[What to work on]
Set down, word for word, only the lines from the start of the records through the line bearing "text 13) Miscellaneous."; include no pictures.

↓↓↓

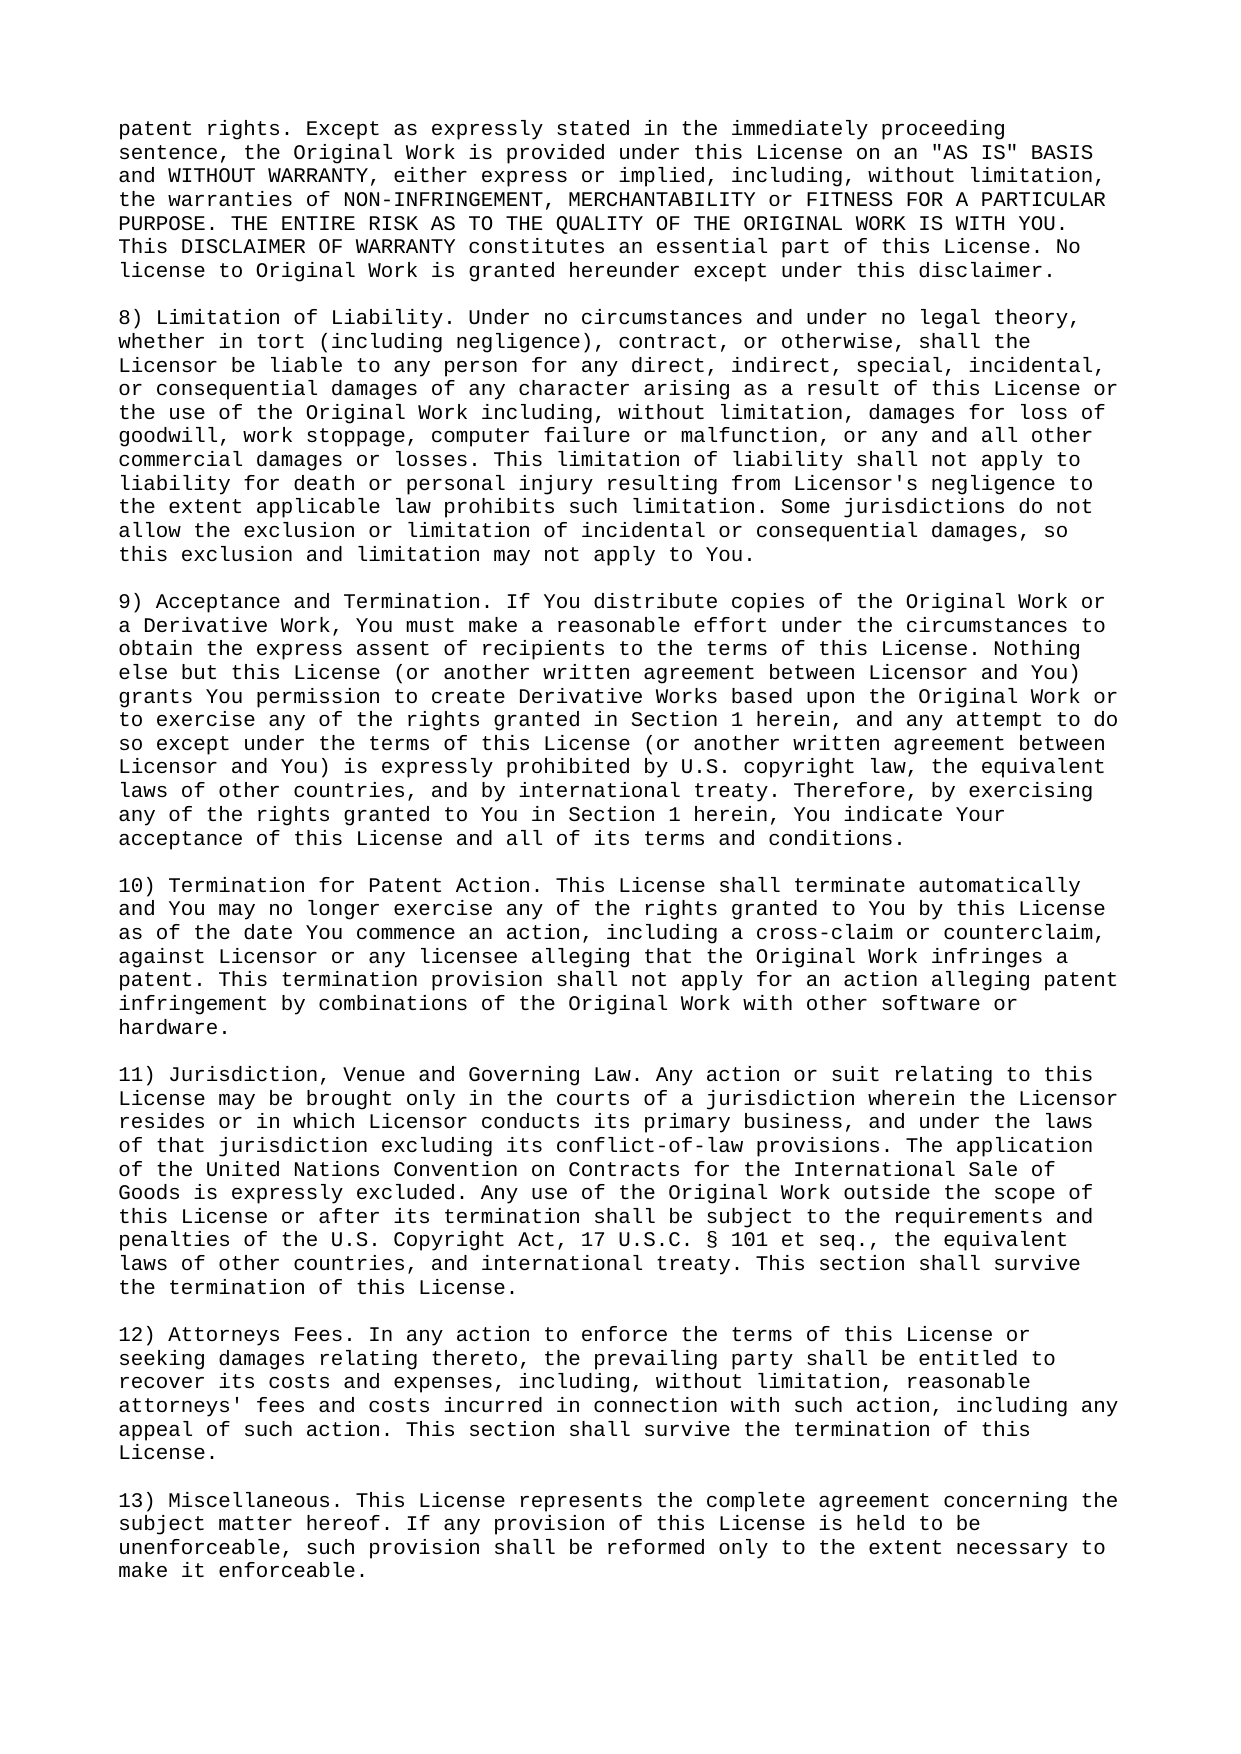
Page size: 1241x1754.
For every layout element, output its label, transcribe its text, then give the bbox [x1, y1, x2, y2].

text 8) Limitation of Liability. Under no circumstances and under no legal theory, whether in tort (including negligence), contract, or otherwise, shall the Licensor be liable to any person for any direct, indirect, special, incidental, or consequential damages of any character arising as a result of this License or the use of the Original Work including, without limitation, damages for loss of goodwill, work stoppage, computer failure or malfunction, or any and all other commercial damages or losses. This limitation of liability shall not apply to liability for death or personal injury resulting from Licensor's negligence to the extent applicable law prohibits such limitation. Some jurisdictions do not allow the exclusion or limitation of incidental or consequential damages, so this exclusion and limitation may not apply to You. [118, 307, 1122, 567]
text 13) Miscellaneous. This License represents the complete agreement concerning the subject matter hereof. If any provision of this License is held to be unenforceable, such provision shall be reformed only to the extent necessary to make it enforceable. [118, 1489, 1122, 1584]
text 9) Acceptance and Termination. If You distribute copies of the Original Work or a Derivative Work, You must make a reasonable effort under the circumstances to obtain the express assent of recipients to the terms of this License. Nothing else but this License (or another written agreement between Licensor and You) grants You permission to create Derivative Works based upon the Original Work or to exercise any of the rights granted in Section 1 herein, and any attempt to do so except under the terms of this License (or another written agreement between Licensor and You) is expressly prohibited by U.S. copyright law, the equivalent laws of other countries, and by international treaty. Therefore, by exercising any of the rights granted to You in Section 1 herein, You indicate Your acceptance of this License and all of its terms and conditions. [118, 591, 1122, 851]
text 12) Attorneys Fees. In any action to enforce the terms of this License or seeking damages relating thereto, the prevailing party shall be entitled to recover its costs and expenses, including, without limitation, reasonable attorneys' fees and costs incurred in connection with such action, including any appeal of such action. This section shall survive the termination of this License. [118, 1324, 1122, 1466]
text 10) Termination for Patent Action. This License shall terminate automatically and You may no longer exercise any of the rights granted to You by this License as of the date You commence an action, including a cross-claim or counterclaim, against Licensor or any licensee alleging that the Original Work infringes a patent. This termination provision shall not apply for an action alleging patent infringement by combinations of the Original Work with other software or hardware. [118, 875, 1122, 1040]
text 11) Jurisdiction, Venue and Governing Law. Any action or suit relating to this License may be brought only in the courts of a jurisdiction wherein the Licensor resides or in which Licensor conducts its primary business, and under the laws of that jurisdiction excluding its conflict-of-law provisions. The application of the United Nations Convention on Contracts for the International Sale of Goods is expressly excluded. Any use of the Original Work outside the scope of this License or after its termination shall be subject to the requirements and penalties of the U.S. Copyright Act, 17 U.S.C. § 101 et seq., the equivalent laws of other countries, and international treaty. This section shall survive the termination of this License. [118, 1064, 1122, 1300]
text patent rights. Except as expressly stated in the immediately proceeding sentence, the Original Work is provided under this License on an "AS IS" BASIS and WITHOUT WARRANTY, either express or implied, including, without limitation, the warranties of NON-INFRINGEMENT, MERCHANTABILITY or FITNESS FOR A PARTICULAR PURPOSE. THE ENTIRE RISK AS TO THE QUALITY OF THE ORIGINAL WORK IS WITH YOU. This DISCLAIMER OF WARRANTY constitutes an essential part of this License. No license to Original Work is granted hereunder except under this disclaimer. [118, 118, 1122, 284]
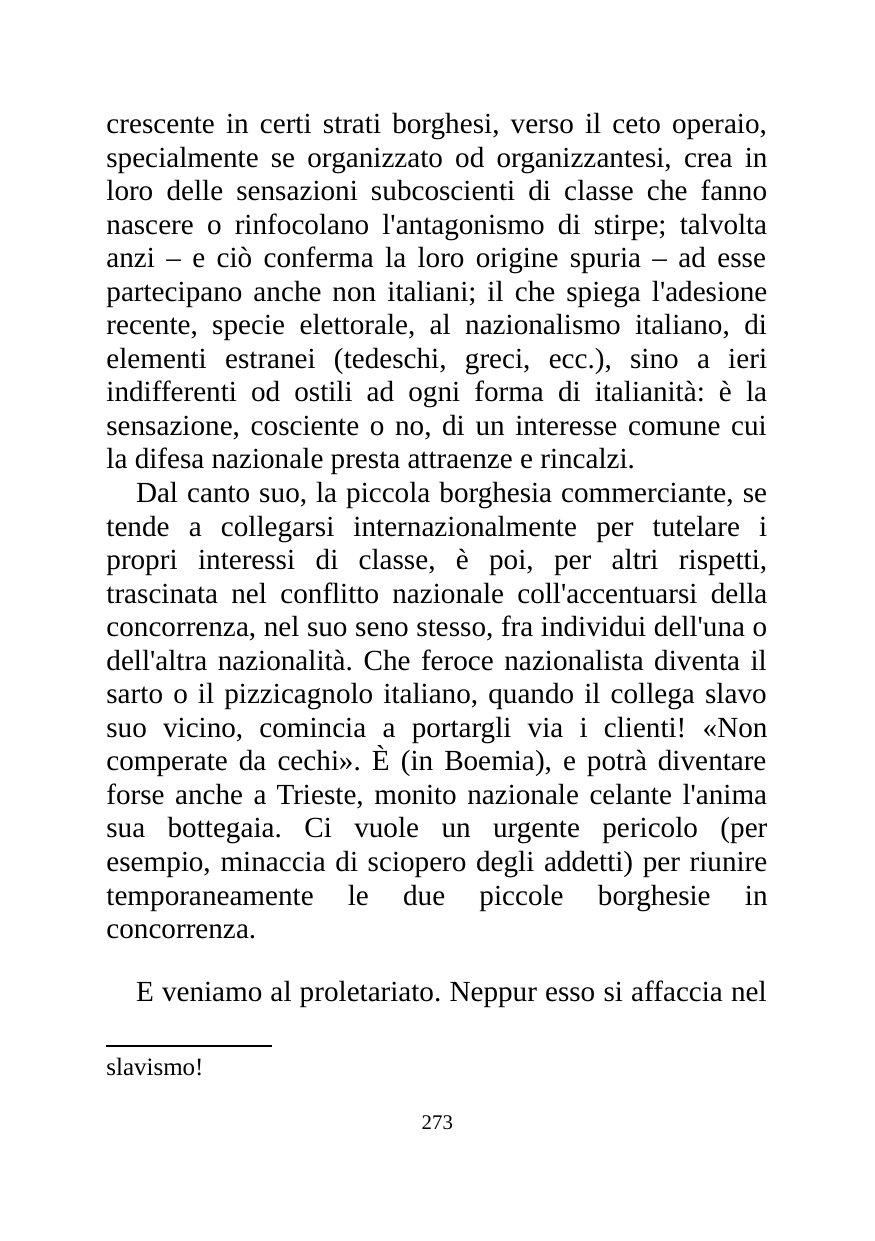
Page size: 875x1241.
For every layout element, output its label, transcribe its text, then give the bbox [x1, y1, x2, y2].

text slavismo! [106, 1052, 768, 1080]
text Dal canto suo, la piccola borghesia commerciante, se tende a collegarsi internazionalmente per tutelare i propri interessi di classe, è poi, per altri rispetti, trascinata nel conflitto nazionale coll'accentuarsi della concorrenza, nel suo seno stesso, fra individui dell'una o dell'altra nazionalità. Che feroce nazionalista diventa il sarto o il pizzicagnolo italiano, quando il collega slavo suo vicino, comincia a portargli via i clienti! «Non comperate da cechi». È (in Boemia), e potrà diventare forse anche a Trieste, monito nazionale celante l'anima sua bottegaia. Ci vuole un urgente pericolo (per esempio, minaccia di sciopero degli addetti) per riunire temporaneamente le due piccole borghesie in concorrenza. [106, 475, 768, 945]
text crescente in certi strati borghesi, verso il ceto operaio, specialmente se organizzato od organizzantesi, crea in loro delle sensazioni subcoscienti di classe che fanno nascere o rinfocolano l'antagonismo di stirpe; talvolta anzi – e ciò conferma la loro origine spuria – ad esse partecipano anche non italiani; il che spiega l'adesione recente, specie elettorale, al nazionalismo italiano, di elementi estranei (tedeschi, greci, ecc.), sino a ieri indifferenti od ostili ad ogni forma di italianità: è la sensazione, cosciente o no, di un interesse comune cui la difesa nazionale presta attraenze e rincalzi. [106, 106, 768, 475]
text E veniamo al proletariato. Neppur esso si affaccia nel [106, 974, 768, 1008]

↑↑↑

[Response area]
Page size: 1241x1754.
For every layout element, output its label, transcribe its text, then give the bbox [x1, y1, x2, y2].

text 8) Limitation of Liability. Under no circumstances and under no legal theory, whether in tort (including negligence), contract, or otherwise, shall the Licensor be liable to any person for any direct, indirect, special, incidental, or consequential damages of any character arising as a result of this License or the use of the Original Work including, without limitation, damages for loss of goodwill, work stoppage, computer failure or malfunction, or any and all other commercial damages or losses. This limitation of liability shall not apply to liability for death or personal injury resulting from Licensor's negligence to the extent applicable law prohibits such limitation. Some jurisdictions do not allow the exclusion or limitation of incidental or consequential damages, so this exclusion and limitation may not apply to You. [118, 307, 1122, 567]
text 13) Miscellaneous. This License represents the complete agreement concerning the subject matter hereof. If any provision of this License is held to be unenforceable, such provision shall be reformed only to the extent necessary to make it enforceable. [118, 1489, 1122, 1584]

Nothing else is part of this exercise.